# Central WI Beekeepers



## solsikkefarms (Jun 1, 2013)

Looking for other Beekeepers in Central Wisconsin to connect with. No Bee clubs around me that I can find.


----------



## alleyyooper (Apr 22, 2005)

Have you did a internet search?

http://www.marathoncountybeeassociation.com/

http://honeybeeware.com/wi-bee-clubs/

http://www.rkbeekeepers.org/


Here are a few I found when I did the search.
Since I don't know which part of central Wis. You can look up more your self.

 Al


----------



## solsikkefarms (Jun 1, 2013)

Yes, spent plenty of time looking on the interwebs but have to go 3-4 counties away to find anything. I was hoping to find something closer than a 3 hour drive.. lol


----------



## Ford Zoo (Jan 27, 2012)

Maybe try e-mailing some of those resources. I see the 2 local bee clubs I visit in Northern WI are not on any or many of the sites, but by talking to other beeks, I found one club meeting 2 miles from my home and another 45 minutes away. 

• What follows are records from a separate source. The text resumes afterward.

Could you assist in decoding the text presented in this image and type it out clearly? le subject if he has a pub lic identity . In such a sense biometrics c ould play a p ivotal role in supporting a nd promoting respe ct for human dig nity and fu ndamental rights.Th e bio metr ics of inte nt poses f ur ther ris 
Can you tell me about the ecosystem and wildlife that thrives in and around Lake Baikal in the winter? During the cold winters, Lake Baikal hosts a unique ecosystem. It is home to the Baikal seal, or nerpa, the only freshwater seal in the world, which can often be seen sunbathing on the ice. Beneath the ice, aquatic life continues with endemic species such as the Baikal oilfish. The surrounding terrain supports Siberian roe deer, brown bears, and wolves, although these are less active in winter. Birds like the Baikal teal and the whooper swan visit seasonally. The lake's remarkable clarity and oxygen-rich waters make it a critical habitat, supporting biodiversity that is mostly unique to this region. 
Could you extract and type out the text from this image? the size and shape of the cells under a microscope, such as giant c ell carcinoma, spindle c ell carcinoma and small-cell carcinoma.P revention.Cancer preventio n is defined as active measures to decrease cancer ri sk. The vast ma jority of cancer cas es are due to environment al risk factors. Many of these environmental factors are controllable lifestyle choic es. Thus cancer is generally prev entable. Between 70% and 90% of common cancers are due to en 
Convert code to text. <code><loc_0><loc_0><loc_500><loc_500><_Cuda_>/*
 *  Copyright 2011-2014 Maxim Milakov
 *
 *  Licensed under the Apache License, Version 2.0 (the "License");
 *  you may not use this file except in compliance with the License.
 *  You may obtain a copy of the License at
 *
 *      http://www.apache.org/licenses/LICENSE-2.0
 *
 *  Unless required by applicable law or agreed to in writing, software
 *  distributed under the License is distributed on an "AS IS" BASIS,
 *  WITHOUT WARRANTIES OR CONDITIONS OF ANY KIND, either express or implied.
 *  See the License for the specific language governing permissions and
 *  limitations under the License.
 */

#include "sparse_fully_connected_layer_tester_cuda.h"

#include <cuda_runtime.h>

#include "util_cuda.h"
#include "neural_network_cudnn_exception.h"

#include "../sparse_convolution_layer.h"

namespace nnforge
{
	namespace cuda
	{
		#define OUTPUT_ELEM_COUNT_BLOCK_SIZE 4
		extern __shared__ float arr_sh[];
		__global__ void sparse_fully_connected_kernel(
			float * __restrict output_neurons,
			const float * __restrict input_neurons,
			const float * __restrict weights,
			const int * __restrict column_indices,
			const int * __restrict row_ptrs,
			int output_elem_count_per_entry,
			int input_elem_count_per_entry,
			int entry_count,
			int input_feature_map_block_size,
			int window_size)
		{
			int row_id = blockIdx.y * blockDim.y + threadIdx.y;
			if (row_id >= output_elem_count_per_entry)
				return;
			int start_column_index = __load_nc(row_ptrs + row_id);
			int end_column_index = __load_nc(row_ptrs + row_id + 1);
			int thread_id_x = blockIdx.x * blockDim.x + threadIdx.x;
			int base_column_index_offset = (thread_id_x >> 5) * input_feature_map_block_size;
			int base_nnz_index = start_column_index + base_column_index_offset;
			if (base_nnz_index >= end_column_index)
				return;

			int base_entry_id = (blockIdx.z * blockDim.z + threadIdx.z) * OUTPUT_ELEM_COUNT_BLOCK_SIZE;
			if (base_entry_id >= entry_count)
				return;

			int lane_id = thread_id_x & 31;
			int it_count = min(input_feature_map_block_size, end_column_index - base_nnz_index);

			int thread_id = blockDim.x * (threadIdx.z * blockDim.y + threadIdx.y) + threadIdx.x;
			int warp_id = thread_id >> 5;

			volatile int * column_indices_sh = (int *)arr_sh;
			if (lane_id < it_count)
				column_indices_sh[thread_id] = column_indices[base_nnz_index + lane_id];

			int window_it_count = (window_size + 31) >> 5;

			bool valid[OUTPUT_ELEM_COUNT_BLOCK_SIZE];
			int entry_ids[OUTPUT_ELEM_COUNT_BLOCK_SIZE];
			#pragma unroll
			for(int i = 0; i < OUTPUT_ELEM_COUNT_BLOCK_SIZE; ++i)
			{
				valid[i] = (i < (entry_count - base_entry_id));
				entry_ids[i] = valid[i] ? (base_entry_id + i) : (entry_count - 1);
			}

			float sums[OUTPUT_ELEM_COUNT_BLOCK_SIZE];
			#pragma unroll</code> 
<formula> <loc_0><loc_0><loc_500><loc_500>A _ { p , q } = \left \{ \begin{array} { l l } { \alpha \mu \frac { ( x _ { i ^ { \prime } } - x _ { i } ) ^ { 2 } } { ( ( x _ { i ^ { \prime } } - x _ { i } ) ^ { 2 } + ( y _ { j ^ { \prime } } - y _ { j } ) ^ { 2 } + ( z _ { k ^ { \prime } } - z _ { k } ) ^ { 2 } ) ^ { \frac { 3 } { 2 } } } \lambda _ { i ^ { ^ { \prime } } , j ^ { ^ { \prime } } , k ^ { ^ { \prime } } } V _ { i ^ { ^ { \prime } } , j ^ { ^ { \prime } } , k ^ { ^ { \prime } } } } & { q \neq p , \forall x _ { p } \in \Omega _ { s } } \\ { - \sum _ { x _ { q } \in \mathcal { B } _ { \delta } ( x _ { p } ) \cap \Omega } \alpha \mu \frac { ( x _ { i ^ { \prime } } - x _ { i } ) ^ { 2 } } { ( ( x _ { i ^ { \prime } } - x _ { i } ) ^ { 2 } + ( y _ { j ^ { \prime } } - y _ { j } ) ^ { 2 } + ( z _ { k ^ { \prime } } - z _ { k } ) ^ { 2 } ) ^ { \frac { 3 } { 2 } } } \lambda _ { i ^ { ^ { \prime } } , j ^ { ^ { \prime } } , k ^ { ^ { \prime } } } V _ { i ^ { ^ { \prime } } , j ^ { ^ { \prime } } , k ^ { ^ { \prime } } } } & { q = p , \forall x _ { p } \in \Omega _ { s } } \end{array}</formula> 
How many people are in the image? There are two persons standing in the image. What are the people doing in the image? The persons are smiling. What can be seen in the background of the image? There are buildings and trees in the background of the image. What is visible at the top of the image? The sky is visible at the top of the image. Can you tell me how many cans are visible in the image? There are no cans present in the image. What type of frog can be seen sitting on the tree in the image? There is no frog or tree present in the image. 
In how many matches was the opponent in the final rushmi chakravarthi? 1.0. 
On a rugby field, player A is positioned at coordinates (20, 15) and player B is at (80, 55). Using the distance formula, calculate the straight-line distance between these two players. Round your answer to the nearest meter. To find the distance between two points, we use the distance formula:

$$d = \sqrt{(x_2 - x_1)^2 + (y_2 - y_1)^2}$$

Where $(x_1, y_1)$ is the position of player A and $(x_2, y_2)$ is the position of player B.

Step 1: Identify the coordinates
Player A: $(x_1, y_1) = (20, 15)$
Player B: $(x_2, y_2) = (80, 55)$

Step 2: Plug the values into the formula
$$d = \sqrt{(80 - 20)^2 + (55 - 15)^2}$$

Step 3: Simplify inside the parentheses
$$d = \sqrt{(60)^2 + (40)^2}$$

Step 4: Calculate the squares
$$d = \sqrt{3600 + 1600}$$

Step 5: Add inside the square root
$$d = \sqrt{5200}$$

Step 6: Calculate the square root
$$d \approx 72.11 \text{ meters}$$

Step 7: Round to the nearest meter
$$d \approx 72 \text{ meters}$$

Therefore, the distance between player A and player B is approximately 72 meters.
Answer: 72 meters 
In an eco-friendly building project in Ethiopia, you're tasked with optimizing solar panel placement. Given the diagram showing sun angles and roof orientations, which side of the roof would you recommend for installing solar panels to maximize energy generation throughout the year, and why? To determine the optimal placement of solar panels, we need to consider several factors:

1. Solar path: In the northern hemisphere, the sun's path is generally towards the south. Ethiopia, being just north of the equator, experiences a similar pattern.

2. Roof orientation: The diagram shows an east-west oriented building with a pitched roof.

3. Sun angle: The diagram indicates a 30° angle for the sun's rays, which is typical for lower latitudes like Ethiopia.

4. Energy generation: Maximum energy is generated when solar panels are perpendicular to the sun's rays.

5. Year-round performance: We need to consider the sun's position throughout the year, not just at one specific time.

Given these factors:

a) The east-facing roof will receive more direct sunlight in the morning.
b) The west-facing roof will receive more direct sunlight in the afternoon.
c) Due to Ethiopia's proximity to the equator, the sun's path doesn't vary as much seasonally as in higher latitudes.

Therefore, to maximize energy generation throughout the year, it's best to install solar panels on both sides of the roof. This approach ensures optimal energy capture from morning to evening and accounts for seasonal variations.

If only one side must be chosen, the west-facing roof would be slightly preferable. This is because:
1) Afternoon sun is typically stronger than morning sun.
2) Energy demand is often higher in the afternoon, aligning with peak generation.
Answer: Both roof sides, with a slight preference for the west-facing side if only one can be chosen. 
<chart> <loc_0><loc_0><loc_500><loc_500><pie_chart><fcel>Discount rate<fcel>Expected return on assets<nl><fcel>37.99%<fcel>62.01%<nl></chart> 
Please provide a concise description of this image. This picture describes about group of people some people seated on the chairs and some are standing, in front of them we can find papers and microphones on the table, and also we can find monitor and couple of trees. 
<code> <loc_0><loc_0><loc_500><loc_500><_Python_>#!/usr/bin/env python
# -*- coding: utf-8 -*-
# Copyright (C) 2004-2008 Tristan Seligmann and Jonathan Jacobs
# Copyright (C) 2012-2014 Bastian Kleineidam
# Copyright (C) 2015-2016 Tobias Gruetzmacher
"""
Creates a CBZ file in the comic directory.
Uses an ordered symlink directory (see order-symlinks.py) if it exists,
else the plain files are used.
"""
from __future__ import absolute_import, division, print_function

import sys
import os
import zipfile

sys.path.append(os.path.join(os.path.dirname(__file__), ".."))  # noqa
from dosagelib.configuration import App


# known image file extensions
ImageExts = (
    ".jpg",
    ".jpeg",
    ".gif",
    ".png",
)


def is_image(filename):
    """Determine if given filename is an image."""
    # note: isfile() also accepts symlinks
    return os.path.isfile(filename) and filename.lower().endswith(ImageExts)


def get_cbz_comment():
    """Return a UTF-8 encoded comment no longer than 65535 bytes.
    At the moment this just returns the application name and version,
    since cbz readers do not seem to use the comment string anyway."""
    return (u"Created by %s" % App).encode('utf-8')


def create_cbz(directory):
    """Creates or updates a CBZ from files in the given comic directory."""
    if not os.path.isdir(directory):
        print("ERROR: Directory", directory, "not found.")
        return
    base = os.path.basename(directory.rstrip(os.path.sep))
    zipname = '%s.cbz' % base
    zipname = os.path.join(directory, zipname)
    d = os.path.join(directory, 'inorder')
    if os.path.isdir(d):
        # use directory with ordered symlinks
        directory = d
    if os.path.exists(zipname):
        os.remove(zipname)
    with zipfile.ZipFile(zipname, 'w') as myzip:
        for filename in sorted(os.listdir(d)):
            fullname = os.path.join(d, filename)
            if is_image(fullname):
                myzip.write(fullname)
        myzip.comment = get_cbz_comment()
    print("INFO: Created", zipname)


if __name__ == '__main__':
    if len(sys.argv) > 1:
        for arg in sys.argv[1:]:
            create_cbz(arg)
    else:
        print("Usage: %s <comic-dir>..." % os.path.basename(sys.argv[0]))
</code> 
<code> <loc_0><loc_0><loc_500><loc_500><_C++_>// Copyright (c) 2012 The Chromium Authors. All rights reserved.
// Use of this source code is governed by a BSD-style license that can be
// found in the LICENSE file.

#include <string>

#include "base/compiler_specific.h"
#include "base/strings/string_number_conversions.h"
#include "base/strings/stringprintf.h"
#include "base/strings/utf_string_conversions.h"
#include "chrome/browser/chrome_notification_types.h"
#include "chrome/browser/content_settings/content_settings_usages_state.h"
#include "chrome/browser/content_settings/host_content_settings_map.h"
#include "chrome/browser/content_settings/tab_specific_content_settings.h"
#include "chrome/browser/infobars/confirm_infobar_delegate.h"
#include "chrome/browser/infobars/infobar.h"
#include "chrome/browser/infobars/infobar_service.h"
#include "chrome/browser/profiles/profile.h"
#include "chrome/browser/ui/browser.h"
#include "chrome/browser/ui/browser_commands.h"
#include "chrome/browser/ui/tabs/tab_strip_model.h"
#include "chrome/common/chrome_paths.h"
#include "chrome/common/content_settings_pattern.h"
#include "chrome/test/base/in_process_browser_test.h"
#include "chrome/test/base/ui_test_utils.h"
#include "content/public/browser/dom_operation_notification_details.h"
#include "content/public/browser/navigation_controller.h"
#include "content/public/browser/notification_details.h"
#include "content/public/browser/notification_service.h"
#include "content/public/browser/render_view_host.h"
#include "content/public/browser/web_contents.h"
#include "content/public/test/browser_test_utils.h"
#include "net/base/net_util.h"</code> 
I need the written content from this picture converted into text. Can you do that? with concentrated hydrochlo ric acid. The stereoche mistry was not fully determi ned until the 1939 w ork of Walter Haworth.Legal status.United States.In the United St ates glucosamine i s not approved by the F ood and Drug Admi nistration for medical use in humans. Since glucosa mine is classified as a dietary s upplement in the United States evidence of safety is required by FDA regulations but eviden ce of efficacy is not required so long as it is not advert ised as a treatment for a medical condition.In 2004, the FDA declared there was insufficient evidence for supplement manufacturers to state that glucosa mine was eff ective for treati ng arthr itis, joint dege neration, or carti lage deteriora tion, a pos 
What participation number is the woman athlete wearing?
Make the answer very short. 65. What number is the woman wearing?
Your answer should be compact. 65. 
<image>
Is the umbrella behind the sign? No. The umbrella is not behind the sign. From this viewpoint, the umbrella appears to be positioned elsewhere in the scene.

here are a few other sites with contact info for you to try:
http://www.wihoney.org/content/wisconsin-county-associations

http://www.bees-on-the-net.com/wisconsin-swarm-removal/

Another option is to find people selling honey near you and asking them. Bee people are wonderfully happy to get new keepers involved.

Good luck!


----------